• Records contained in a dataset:
──────────

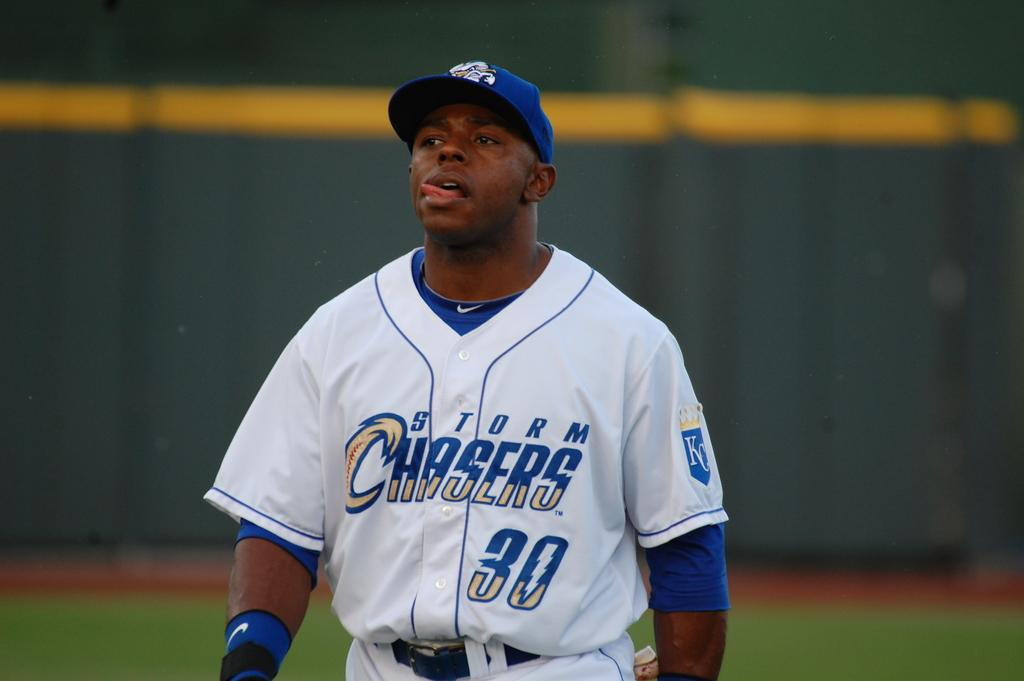<image>
Write a terse but informative summary of the picture. A player is wearing a Storm Chasers jersey with the number 30 on it 
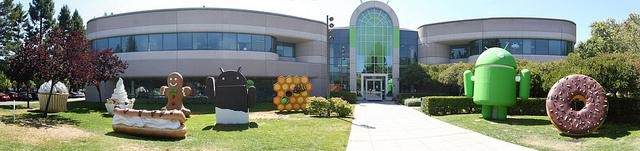What company's mascot can be seen on the right next to the donut? android 
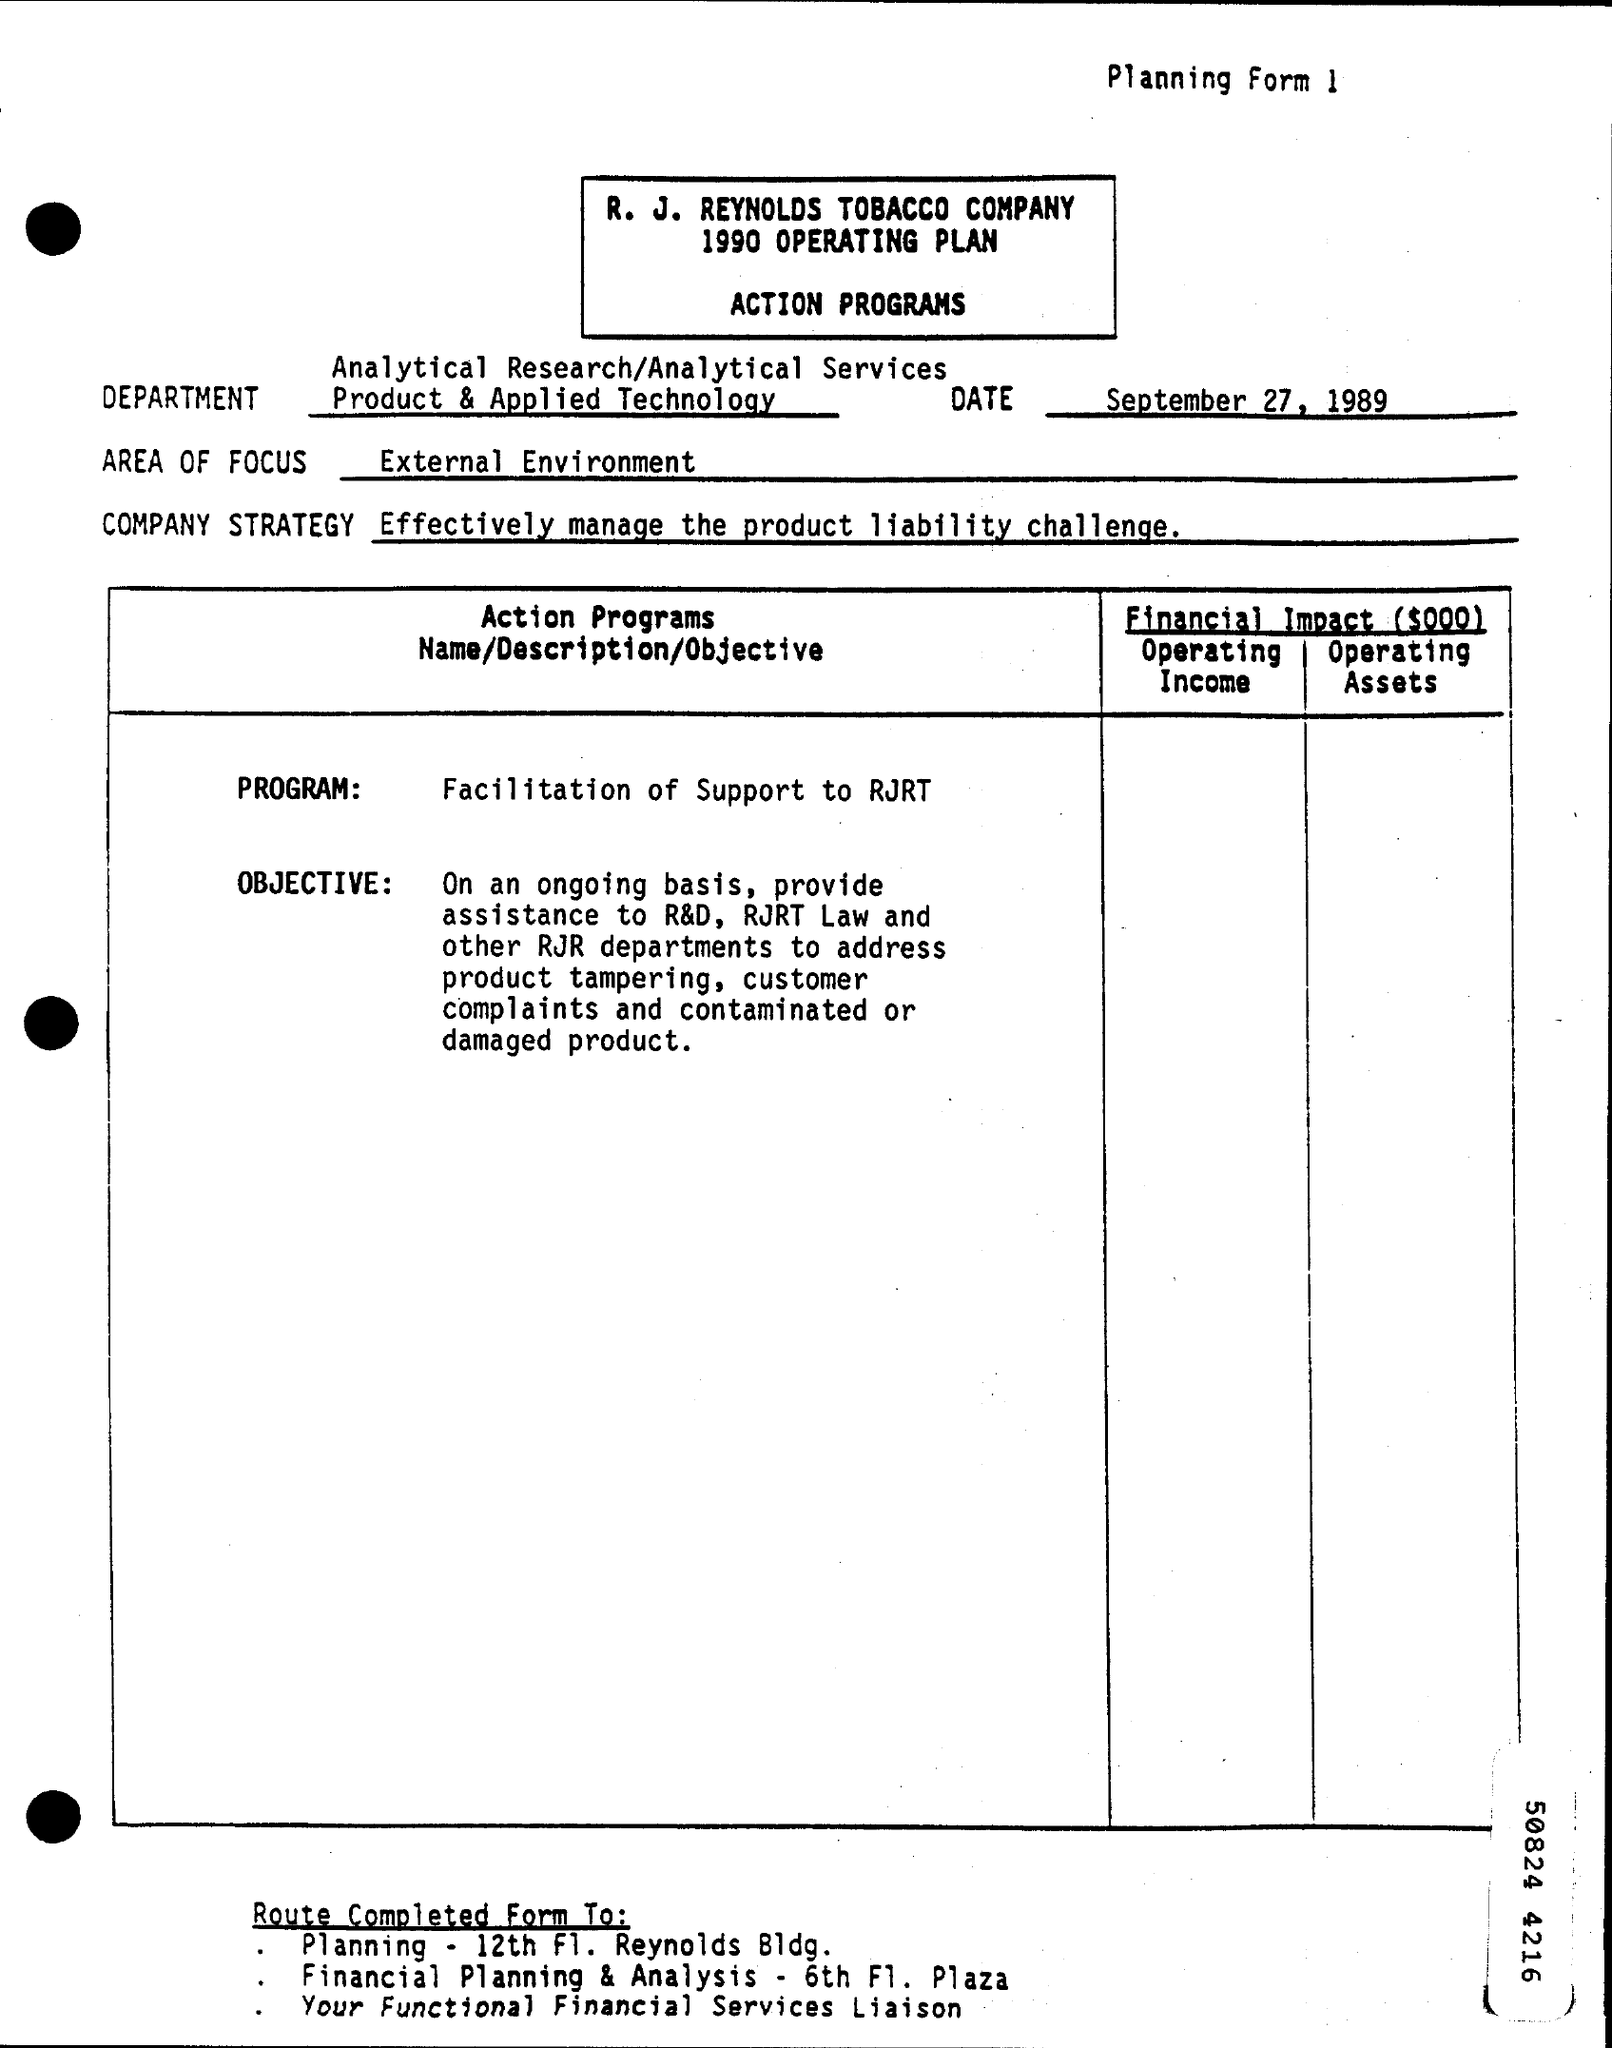What is the Area of Focus mentioned in the Planning form?
Offer a very short reply. External environment. What is the Company Strategy mentioned in the planning form?
Give a very brief answer. Effectively manage the product liability challenge. What is the action program name given in the planning form?
Provide a succinct answer. Facilitation of Support to RJRT. What is the date mentioned in the Planning form?
Keep it short and to the point. September 27, 1989.

──────────

• Exercise brief: Work out the number of lines above that include the string "short" and write only that number.

• Task response: 2